The baseline of employees in an office during a working day was not 100% before March 2020. Office occupancy was typically about 60%, with staff on holiday, training, meeting outside the office and travelling, according to Neil. But he adds: “That figure is expected to go down to 40%.”
Google, having recently agreed to buy its Central St Giles office in Holborn, London, for $1 billion (£760 million), is expecting 40% of staff to be in the office at any given time, according to Neil.
The global demand for hybrid working will continue to push for improvements in technology. It also means that people will spend more time in their local communities. This presents plenty of real estate opportunities to create footfall in high streets, from co-working spaces to Wi-Fi hubs.
Neil predicts that specialist hybrid events spaces will start to appear in retail settings. It is expensive to own state-of-the-art hybrid meeting technology, so companies could start hiring hybrid events studios across the country. “If you really want to impress clients you can rent a room for a fantastic experience,” Neil explains. “I’m seeing companies thinking about all of those kinds of opportunities,” he adds.
He argues that learning education hubs will also appear on high streets, as many students now want to spend time studying remotely rather than always being on campus. This allows universities to tap into a much wider demographic too.
Hybrid working goes far beyond allowing employees and students to be based in their living rooms. Many are seeing it as an opportunity to live, learn and work abroad. This is creating the rise of the “workcation”, says Neil. While businesses used to spend a lot of money sending an employee to Singapore, for example, to create development opportunities for staff and global cohesion across the business, people are now doing it themselves. “Now people are jumping on trains and popping into the Paris office to work and it doesn’t cost companies anything,” says Neil. “Many employees love it. They rent out their flat on Airbnb in London which pays for their flight and accommodation. And, they learn about other areas of the business,” he adds.

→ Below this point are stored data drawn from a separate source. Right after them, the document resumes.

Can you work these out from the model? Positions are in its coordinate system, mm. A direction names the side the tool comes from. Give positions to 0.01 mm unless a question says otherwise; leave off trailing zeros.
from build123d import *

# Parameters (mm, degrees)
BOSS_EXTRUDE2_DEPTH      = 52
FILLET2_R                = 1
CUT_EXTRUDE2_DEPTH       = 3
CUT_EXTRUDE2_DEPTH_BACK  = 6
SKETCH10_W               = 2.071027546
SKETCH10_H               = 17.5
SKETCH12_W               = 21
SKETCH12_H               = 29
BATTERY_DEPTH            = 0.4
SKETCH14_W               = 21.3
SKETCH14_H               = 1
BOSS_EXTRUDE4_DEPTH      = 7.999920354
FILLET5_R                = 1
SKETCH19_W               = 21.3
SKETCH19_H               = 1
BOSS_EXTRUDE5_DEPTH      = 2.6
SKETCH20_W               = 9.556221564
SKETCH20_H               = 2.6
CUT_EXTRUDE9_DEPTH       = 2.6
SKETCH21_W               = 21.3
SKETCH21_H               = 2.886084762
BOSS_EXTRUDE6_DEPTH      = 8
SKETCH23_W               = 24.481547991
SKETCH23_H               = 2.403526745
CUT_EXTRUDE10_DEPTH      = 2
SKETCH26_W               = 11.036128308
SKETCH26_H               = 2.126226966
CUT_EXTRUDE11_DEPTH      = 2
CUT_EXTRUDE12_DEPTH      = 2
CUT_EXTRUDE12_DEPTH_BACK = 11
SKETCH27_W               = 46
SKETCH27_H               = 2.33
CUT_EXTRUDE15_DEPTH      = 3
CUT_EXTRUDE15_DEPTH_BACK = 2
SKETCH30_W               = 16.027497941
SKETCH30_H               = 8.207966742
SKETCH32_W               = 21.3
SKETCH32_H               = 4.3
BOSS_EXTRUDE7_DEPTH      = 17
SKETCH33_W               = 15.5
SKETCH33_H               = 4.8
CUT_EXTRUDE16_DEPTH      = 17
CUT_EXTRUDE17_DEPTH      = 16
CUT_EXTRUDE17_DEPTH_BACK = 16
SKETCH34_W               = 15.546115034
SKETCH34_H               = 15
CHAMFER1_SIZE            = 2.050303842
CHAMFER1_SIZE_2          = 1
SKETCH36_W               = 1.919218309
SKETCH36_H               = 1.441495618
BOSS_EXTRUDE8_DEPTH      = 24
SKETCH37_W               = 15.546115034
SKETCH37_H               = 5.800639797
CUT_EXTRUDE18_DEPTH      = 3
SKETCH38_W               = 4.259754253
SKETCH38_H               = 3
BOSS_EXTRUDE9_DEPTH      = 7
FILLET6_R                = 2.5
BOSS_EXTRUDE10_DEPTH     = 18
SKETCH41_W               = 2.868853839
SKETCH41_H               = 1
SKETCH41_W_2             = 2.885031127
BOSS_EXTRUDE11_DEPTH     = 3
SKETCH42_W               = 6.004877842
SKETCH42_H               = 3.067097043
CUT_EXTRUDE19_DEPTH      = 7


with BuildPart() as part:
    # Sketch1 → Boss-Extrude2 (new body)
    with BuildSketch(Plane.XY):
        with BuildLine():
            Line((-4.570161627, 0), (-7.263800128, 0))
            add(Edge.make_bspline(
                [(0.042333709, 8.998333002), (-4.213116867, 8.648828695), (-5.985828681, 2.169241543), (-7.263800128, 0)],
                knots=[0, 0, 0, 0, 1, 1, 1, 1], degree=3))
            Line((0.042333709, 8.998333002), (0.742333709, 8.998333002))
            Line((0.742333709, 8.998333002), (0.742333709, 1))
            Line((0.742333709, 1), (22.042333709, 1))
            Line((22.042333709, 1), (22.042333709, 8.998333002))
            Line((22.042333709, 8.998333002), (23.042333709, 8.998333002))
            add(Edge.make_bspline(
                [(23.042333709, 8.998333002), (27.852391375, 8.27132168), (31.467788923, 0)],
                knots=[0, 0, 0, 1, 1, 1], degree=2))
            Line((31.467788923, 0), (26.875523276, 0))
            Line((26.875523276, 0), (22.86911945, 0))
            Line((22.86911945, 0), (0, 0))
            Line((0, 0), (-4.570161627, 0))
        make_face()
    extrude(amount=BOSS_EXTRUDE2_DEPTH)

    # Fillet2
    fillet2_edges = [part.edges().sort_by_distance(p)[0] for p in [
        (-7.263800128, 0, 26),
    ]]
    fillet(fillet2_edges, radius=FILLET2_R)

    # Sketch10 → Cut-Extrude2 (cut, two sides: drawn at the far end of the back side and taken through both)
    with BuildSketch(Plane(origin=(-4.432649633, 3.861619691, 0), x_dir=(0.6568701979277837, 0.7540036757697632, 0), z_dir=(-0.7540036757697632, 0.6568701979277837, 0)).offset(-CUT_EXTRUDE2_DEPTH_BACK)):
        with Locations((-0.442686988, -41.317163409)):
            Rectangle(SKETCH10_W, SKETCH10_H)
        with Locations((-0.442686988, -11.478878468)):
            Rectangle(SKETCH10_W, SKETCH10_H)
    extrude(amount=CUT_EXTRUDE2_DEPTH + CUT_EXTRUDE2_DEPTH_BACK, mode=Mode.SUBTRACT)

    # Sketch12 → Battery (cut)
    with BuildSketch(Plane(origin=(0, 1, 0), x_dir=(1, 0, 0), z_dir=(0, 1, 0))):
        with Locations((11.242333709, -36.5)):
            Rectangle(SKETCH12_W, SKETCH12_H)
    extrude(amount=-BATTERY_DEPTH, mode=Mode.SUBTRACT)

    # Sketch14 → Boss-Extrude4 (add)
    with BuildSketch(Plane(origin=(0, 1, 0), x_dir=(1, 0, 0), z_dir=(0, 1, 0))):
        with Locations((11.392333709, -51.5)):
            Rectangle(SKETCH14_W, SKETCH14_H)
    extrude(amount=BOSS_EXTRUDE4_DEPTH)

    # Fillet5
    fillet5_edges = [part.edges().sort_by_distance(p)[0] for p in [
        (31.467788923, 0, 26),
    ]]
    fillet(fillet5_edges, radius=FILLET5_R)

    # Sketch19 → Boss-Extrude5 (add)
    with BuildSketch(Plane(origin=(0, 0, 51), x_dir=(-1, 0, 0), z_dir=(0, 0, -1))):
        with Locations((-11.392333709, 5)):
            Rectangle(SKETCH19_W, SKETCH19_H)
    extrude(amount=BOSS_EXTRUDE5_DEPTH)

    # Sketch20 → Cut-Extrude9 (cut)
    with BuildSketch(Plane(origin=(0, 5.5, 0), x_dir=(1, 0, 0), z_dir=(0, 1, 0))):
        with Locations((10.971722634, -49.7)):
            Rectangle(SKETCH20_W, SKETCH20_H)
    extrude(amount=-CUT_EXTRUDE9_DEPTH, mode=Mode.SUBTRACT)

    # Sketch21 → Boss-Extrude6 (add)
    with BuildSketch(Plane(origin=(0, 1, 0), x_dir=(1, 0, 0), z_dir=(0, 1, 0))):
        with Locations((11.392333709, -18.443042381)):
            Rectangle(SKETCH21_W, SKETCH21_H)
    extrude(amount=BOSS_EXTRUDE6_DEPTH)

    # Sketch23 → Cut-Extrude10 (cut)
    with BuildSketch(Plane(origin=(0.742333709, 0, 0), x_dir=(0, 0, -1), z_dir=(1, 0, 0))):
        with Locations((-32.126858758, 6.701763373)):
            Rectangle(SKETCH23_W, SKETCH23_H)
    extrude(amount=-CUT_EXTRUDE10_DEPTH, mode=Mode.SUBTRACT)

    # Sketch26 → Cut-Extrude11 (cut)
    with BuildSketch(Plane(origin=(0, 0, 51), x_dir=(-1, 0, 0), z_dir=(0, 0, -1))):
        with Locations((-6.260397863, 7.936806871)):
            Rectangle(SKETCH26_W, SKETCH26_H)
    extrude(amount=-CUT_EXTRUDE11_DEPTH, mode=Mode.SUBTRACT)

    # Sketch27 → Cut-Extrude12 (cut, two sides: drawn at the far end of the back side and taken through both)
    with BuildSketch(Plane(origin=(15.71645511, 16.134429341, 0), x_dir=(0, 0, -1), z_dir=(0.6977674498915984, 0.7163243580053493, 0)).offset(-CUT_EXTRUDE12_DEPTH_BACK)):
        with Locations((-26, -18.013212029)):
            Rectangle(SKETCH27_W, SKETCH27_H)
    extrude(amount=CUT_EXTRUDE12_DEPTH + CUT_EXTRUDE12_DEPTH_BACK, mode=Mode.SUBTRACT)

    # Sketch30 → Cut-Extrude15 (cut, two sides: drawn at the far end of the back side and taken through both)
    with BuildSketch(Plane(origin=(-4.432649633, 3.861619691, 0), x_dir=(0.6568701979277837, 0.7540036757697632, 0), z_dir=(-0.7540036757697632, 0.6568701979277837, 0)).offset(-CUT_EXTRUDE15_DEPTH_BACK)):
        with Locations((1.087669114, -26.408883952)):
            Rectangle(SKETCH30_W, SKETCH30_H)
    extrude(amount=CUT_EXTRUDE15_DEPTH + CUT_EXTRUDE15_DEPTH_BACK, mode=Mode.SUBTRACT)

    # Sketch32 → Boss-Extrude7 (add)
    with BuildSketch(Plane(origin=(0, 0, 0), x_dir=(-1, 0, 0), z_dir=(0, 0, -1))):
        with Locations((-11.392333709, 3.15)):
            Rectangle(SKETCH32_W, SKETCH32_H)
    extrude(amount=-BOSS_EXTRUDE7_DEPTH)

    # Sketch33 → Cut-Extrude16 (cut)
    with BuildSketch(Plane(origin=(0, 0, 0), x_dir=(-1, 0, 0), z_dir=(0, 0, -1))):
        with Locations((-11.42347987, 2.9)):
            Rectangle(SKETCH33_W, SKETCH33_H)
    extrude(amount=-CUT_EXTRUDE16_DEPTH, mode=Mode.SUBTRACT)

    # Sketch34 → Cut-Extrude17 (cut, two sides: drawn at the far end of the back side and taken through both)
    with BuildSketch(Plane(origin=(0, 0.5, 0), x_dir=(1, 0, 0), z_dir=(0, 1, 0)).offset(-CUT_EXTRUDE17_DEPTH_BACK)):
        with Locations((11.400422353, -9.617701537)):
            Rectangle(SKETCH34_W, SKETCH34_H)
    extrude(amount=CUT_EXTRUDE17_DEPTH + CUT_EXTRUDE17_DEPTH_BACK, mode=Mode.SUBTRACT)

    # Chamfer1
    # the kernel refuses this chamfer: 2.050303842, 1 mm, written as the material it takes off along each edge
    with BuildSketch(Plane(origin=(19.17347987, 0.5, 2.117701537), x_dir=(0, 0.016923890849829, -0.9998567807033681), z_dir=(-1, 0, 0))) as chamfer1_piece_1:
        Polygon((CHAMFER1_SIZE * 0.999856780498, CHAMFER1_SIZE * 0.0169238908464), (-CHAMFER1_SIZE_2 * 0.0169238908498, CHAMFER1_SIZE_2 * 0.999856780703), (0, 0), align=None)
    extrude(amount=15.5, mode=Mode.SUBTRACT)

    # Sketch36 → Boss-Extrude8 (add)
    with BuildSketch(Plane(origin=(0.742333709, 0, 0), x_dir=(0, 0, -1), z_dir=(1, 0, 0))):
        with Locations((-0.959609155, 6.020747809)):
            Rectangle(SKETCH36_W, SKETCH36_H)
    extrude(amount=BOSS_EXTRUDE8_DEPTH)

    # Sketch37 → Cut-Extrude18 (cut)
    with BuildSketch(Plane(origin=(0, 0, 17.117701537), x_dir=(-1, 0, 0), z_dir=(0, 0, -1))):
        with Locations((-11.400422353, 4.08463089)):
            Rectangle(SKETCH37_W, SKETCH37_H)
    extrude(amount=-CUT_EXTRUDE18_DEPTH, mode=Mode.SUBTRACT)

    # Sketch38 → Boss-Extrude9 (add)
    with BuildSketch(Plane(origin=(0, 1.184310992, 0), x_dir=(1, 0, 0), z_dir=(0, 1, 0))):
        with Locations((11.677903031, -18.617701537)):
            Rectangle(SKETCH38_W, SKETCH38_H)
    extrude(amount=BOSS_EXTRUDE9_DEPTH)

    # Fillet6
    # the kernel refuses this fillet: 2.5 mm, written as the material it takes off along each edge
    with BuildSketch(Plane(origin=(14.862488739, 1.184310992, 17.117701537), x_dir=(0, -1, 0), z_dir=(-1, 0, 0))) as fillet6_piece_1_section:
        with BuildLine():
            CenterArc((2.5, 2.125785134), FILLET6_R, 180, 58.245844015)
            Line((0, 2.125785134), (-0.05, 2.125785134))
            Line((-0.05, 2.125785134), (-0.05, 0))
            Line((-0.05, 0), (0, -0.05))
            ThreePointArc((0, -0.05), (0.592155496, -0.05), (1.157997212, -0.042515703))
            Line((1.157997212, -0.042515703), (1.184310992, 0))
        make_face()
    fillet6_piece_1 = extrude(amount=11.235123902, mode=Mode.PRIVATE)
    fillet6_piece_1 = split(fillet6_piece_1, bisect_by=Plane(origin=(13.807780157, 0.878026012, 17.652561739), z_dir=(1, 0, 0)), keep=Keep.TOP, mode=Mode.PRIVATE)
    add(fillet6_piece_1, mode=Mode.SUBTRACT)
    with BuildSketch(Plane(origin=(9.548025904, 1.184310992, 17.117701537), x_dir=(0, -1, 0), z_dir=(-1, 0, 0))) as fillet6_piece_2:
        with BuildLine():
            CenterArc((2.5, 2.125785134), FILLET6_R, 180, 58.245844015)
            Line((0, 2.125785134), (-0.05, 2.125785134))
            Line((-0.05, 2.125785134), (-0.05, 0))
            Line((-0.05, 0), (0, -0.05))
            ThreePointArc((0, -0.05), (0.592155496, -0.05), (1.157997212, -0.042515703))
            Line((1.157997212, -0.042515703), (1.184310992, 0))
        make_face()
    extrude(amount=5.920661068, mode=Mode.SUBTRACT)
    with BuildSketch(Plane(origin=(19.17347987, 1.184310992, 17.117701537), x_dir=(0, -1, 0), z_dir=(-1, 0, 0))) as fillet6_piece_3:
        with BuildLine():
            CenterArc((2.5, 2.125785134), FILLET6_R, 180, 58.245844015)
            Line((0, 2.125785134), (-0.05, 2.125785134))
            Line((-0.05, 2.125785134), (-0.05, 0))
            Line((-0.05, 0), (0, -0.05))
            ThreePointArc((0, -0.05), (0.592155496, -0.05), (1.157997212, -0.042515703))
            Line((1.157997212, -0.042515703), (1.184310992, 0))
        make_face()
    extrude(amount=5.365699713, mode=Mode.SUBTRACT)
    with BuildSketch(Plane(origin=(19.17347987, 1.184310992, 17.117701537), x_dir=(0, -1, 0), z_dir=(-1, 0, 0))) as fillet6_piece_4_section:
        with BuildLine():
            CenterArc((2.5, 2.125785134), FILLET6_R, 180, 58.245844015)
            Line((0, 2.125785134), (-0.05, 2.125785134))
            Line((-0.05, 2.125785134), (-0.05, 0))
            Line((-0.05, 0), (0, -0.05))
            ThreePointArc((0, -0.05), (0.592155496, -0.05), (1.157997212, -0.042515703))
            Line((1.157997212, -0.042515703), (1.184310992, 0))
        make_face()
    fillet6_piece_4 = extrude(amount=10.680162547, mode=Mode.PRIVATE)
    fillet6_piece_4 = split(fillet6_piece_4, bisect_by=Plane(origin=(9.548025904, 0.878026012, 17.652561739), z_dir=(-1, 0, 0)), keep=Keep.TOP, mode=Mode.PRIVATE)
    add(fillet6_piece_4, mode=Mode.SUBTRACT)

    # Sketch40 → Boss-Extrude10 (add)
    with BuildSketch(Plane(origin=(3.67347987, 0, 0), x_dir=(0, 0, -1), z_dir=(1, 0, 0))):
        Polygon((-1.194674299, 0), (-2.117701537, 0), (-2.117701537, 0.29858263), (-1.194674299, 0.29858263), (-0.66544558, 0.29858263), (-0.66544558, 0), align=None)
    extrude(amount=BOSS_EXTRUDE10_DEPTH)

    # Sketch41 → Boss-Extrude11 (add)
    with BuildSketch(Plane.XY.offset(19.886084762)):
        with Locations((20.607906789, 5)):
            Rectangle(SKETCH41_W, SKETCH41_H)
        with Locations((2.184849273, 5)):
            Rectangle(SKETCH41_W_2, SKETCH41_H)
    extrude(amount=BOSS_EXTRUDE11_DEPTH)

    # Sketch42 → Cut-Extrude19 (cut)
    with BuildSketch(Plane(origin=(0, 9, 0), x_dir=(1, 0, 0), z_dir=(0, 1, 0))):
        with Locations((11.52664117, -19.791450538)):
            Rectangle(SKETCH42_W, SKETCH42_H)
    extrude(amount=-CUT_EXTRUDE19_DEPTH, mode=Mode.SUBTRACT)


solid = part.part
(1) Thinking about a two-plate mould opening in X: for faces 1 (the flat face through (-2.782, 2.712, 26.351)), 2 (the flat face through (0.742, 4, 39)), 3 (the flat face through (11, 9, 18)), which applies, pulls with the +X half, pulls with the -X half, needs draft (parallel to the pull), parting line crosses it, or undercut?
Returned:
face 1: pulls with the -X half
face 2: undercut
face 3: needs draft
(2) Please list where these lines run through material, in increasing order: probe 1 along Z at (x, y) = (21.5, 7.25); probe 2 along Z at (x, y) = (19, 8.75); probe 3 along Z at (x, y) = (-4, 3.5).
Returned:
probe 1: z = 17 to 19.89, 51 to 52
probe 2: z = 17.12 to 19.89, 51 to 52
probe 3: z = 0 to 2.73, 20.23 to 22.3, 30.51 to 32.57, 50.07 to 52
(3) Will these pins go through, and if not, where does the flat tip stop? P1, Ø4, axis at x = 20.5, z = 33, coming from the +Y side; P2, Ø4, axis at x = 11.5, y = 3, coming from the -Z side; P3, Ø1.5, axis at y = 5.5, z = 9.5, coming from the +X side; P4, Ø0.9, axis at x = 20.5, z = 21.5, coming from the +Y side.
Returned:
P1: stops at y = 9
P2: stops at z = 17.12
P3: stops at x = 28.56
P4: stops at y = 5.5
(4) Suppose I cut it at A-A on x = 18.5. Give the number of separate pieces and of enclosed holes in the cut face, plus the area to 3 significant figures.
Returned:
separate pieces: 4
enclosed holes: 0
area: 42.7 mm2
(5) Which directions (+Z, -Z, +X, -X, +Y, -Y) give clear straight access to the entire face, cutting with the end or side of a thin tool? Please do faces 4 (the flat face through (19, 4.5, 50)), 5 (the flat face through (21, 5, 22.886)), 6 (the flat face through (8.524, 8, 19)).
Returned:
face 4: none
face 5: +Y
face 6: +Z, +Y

He encourages employers to consider why people want to move forward in this new world, changing the way they work and live. This new world enables individuals to have a lifestyle they previously did not think possible. It will be the employers that recognise this that win top talent.
The way offices are used is changing, so tenants are increasingly looking to adapt and change buildings relative to the occupancy. Many buildings are not designed to cater for this. For example, there is often less occupancy on a Friday. “It is unsustainable to have a building that’s 20% occupied on a Friday, because you still need to power it as if it is 100% occupied,” points out Neil.
Demand for environmentally and socially responsible buildings is a huge trend sweeping the real estate industry as it takes account of environmental, social and corporate governance (ESG) issues, notes Makoto. “Employees want to work in environmentally-friendly spaces and will choose employers who have good sustainability credentials,” he adds.
“Traditionally, it’s not necessarily the existence of offices that is an issue, but the way they have been designed and used has been such a waste of space,” says Makoto. As this trend gathers pace, solutions are being sought to respond to these issues, for example being able to only have heating and air conditioning in areas that are being occupied.